The Forecast is not registered as a broker-dealer, investment company or investment advisor with the United States Securities and Exchange Commission or with any state securities authority. We offer access to our Site on a subscription basis only, as described further below.
- You understand that no Content published on this Site constitutes a recommendation that any particular investment, security, sector, portfolio of securities, tax strategy, transaction or investment strategy is suitable for any specific person.
- You further understand that no one in the employ of The Forecast is advising you personally concerning the nature, potential, value or suitability of any particular investment, security, portfolio of securities, transaction, investment strategy, tax advice or strategy, retirement advice or strategy, or other matter.
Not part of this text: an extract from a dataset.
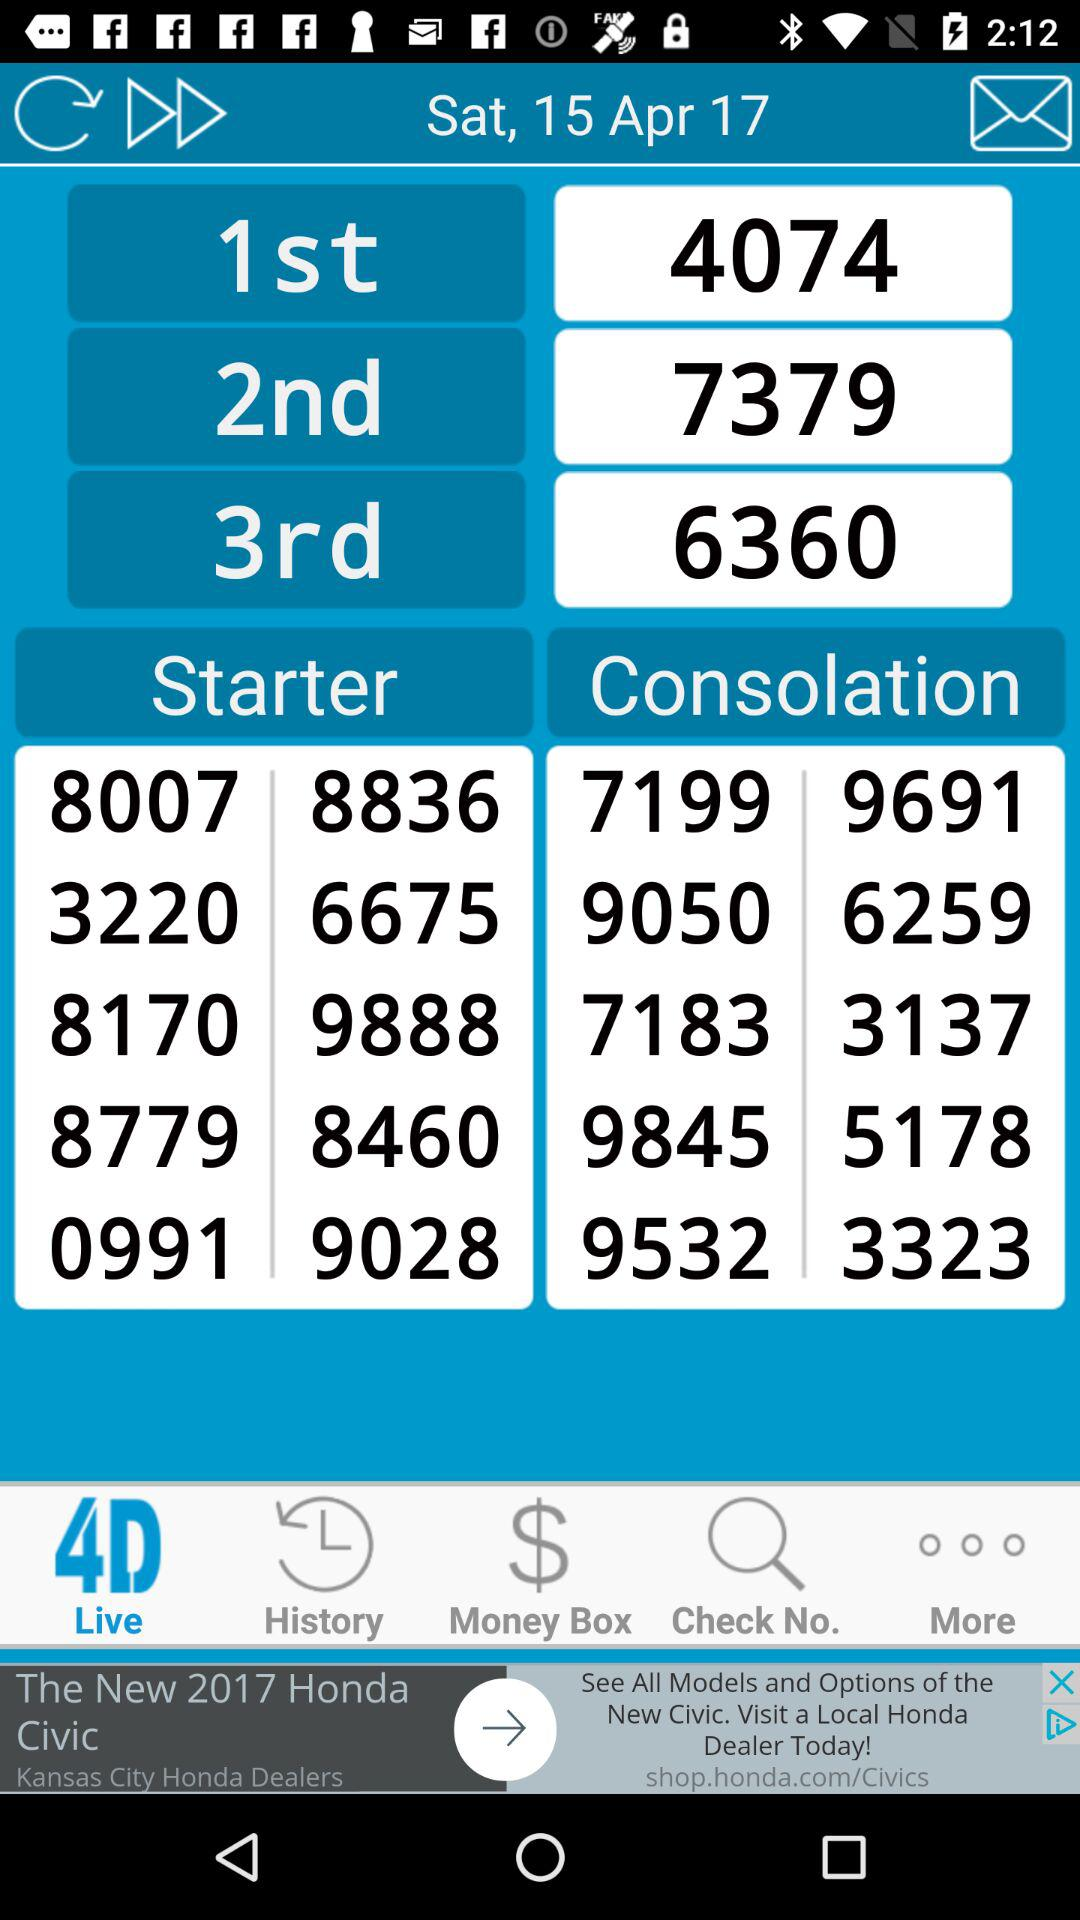Which tab am I using? You are using the "Live" tab.

To the extent any of the Content published on the Site may be deemed to be investment advice, such published information is impersonal, general in nature, and not tailored to the investment needs of any specific person or entity.
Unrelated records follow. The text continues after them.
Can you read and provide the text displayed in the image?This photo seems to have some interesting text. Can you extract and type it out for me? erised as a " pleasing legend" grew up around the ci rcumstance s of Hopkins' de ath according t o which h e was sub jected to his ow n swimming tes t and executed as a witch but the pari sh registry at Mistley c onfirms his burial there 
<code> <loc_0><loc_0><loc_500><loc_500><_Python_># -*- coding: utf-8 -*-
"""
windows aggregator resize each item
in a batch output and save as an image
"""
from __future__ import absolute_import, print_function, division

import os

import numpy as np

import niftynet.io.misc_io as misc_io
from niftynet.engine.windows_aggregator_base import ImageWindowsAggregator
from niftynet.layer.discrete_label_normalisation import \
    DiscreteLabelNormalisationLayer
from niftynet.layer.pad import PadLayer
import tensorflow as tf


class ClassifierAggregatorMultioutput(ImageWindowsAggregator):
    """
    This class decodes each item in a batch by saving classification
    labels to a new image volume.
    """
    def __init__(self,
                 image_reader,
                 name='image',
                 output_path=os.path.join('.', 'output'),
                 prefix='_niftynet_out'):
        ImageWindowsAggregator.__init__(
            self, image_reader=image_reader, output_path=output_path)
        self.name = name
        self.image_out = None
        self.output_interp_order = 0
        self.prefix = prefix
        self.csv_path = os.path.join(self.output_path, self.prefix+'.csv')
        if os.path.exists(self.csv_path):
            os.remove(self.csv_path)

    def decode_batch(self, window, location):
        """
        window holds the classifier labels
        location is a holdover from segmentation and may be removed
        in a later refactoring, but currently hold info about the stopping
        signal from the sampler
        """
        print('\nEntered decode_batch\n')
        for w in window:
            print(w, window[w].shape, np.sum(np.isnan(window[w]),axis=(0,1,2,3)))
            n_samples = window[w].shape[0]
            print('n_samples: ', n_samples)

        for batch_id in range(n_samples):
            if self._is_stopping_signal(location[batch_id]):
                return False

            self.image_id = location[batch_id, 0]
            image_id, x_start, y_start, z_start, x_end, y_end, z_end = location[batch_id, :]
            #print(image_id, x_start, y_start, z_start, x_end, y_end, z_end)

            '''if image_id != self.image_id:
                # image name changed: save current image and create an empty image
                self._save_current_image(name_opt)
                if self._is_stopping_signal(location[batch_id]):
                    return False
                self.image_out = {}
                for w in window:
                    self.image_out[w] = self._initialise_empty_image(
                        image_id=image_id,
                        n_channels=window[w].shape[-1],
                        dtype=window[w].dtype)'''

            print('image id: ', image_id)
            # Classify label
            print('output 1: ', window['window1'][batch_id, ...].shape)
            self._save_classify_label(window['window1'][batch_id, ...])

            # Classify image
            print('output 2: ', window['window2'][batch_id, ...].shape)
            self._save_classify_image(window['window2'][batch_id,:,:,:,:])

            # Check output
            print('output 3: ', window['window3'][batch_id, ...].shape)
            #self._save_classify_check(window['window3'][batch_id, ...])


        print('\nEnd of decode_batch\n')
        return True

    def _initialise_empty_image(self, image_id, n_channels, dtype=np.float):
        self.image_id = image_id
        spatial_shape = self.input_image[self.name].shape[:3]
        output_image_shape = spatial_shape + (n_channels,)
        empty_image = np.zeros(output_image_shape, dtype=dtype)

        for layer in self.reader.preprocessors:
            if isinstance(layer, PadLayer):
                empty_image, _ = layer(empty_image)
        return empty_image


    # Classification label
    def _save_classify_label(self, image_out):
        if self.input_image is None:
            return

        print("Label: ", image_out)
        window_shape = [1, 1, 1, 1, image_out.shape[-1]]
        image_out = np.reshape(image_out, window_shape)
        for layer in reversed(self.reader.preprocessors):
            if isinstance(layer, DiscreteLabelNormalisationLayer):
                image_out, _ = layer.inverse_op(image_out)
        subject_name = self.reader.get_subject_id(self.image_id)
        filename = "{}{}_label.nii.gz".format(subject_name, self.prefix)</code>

- You understand that the views and opinions expressed on the Site are the opinions of our contracted analysts and of our users. The analysts may differ from time to time in their opinions about the same securities.
- You understand that the owners, officers, directors, contracted analysts and employees of The Forecast have or may have personal positions in the instruments (or similar instruments) mentioned on the Site. They agree contractually not to trade in securities in any way that is inconsistent or advantageous from a timing perspective with regard to their posts on The Forecast, nor to receive compensation from or insider information on companies whose equity or fixed income securities, or company prospects or information, that they discuss on the Site.
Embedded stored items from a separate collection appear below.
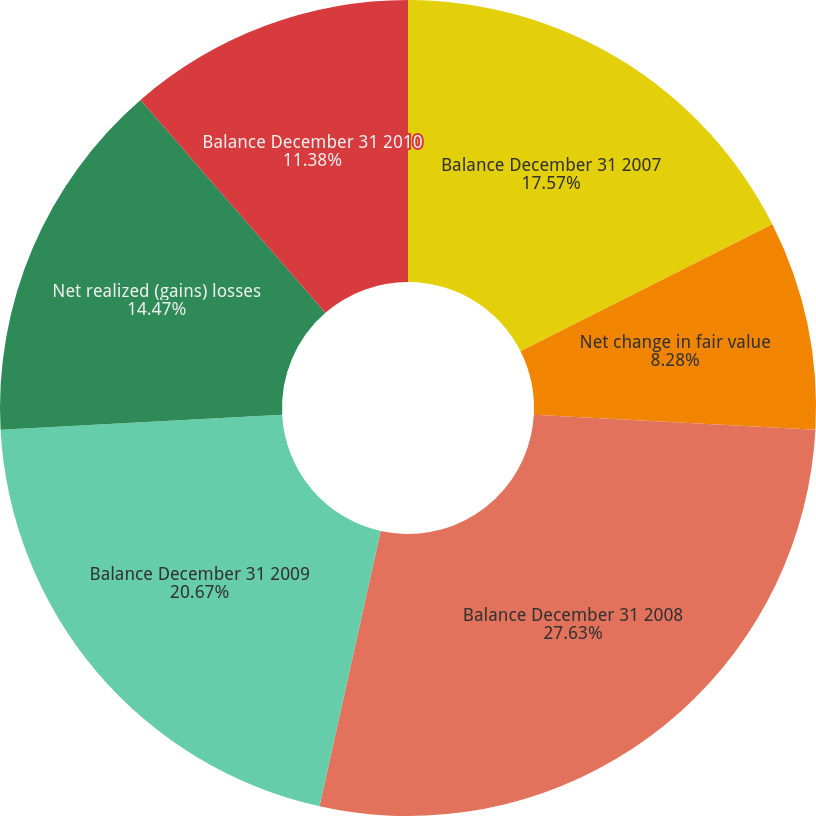<chart> <loc_0><loc_0><loc_500><loc_500><pie_chart><fcel>Balance December 31 2007<fcel>Net change in fair value<fcel>Balance December 31 2008<fcel>Balance December 31 2009<fcel>Net realized (gains) losses<fcel>Balance December 31 2010<nl><fcel>17.57%<fcel>8.28%<fcel>27.63%<fcel>20.67%<fcel>14.47%<fcel>11.38%<nl></chart> 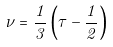Convert formula to latex. <formula><loc_0><loc_0><loc_500><loc_500>\nu = \frac { 1 } { 3 } \left ( \tau - \frac { 1 } { 2 } \right )</formula> 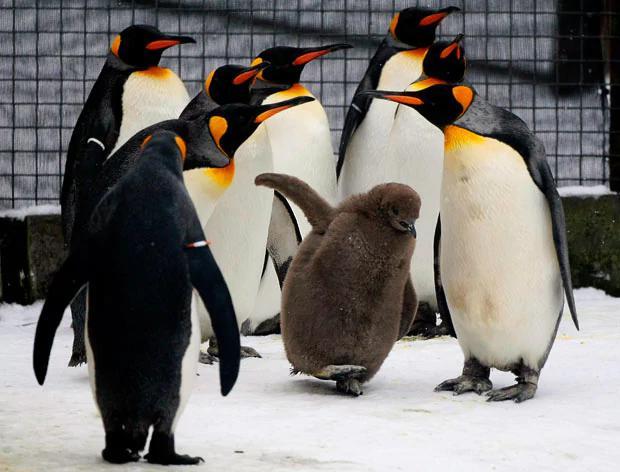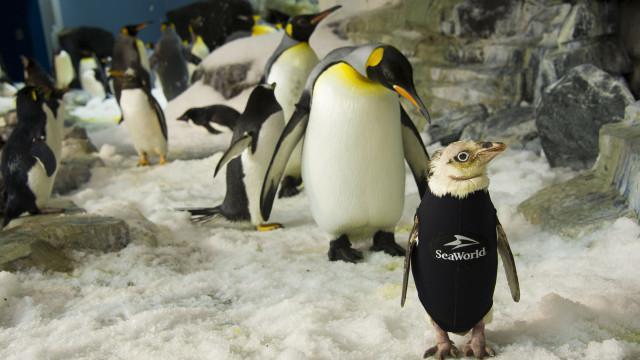The first image is the image on the left, the second image is the image on the right. Evaluate the accuracy of this statement regarding the images: "1 of the penguins has brown fuzz on it.". Is it true? Answer yes or no. Yes. 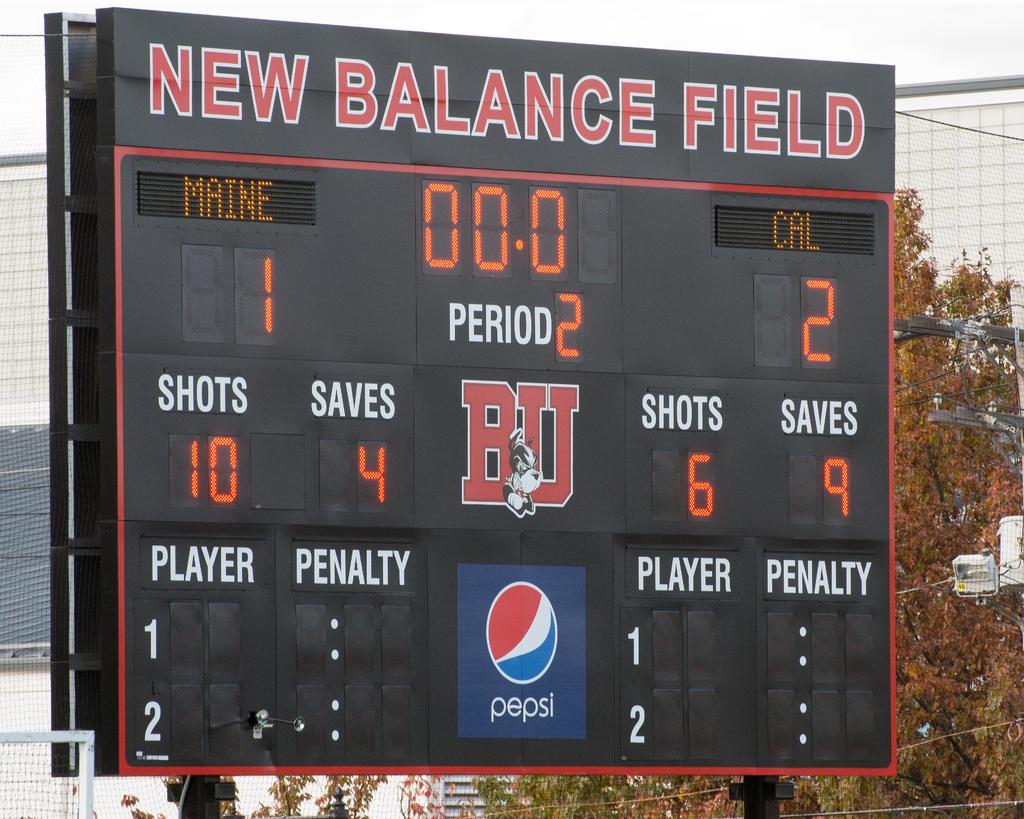Provide a one-sentence caption for the provided image. The scoreboard at New Balance Field that shows period two. 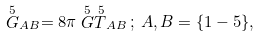<formula> <loc_0><loc_0><loc_500><loc_500>\stackrel { 5 } { G } _ { A B } = 8 \pi \stackrel { 5 } { G } \stackrel { 5 } { T } _ { A B } \, ; \, A , B = \{ 1 - 5 \} ,</formula> 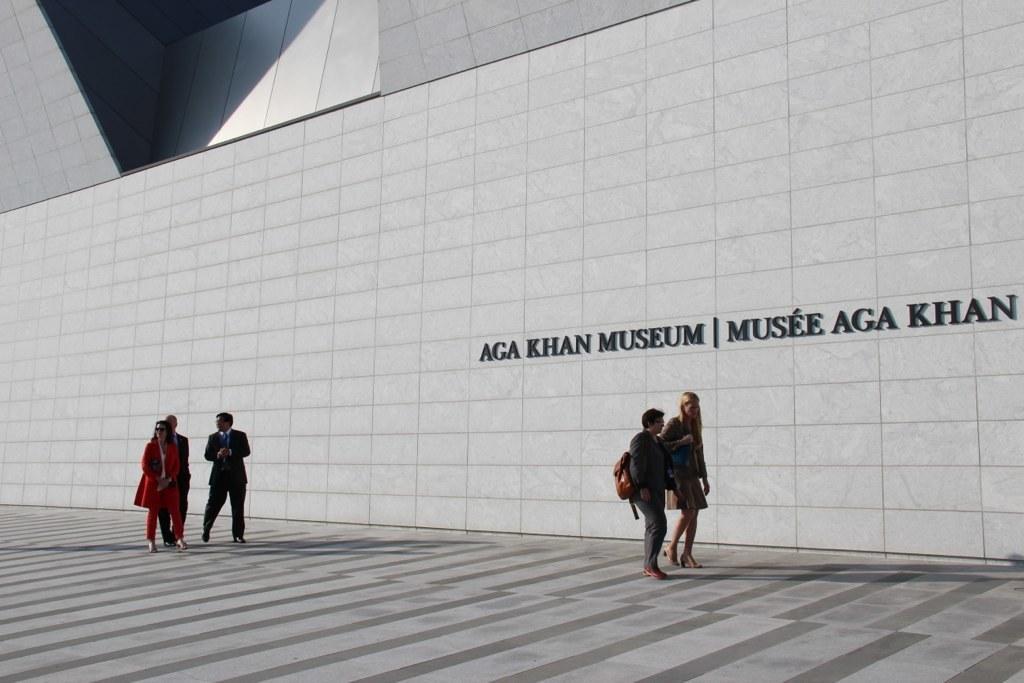Can you describe this image briefly? In this image we can see the wall with the name of the museum. We can also see a few people walking on the path.

- You understand that the risk of loss in trading securities (including, without limitation, stocks, ETFs, options and index futures) can be substantial. You should therefore carefully consider whether such trading is suitable for you in light of your financial condition. You bear responsibility for your own investment research and decisions and as noted above, should seek the advice of a qualified securities professional before making any investment.
- You understand that markets are fluid, dynamic, nonlinear systems. In order to trade such systems with a good prospect of success, one should endeavor to develop the knowledge and experience necessary to navigate its complexities. Therefore, we strongly suggest that any individual who seeks to trade in these markets takes the time to learn about finance, trading, market behavior, and related topics. We sometimes provide trade set-ups and alerts on the Site. These are provided for educational and hypothetical purposes only and are not trade recommendations. The prices quoted in the alerts are based on real-time market prices as of the time stated in the alert, and not actual fills by the analyst. Prices can change in real time, and actual trading could affect trading prices. We also sometimes track the performance of these set-ups and alerts. Performance table returns don’t include commission and other execution and trading costs, including taxes, that would be incurred if these were actual portfolios. Past performance is no guarantee of future results.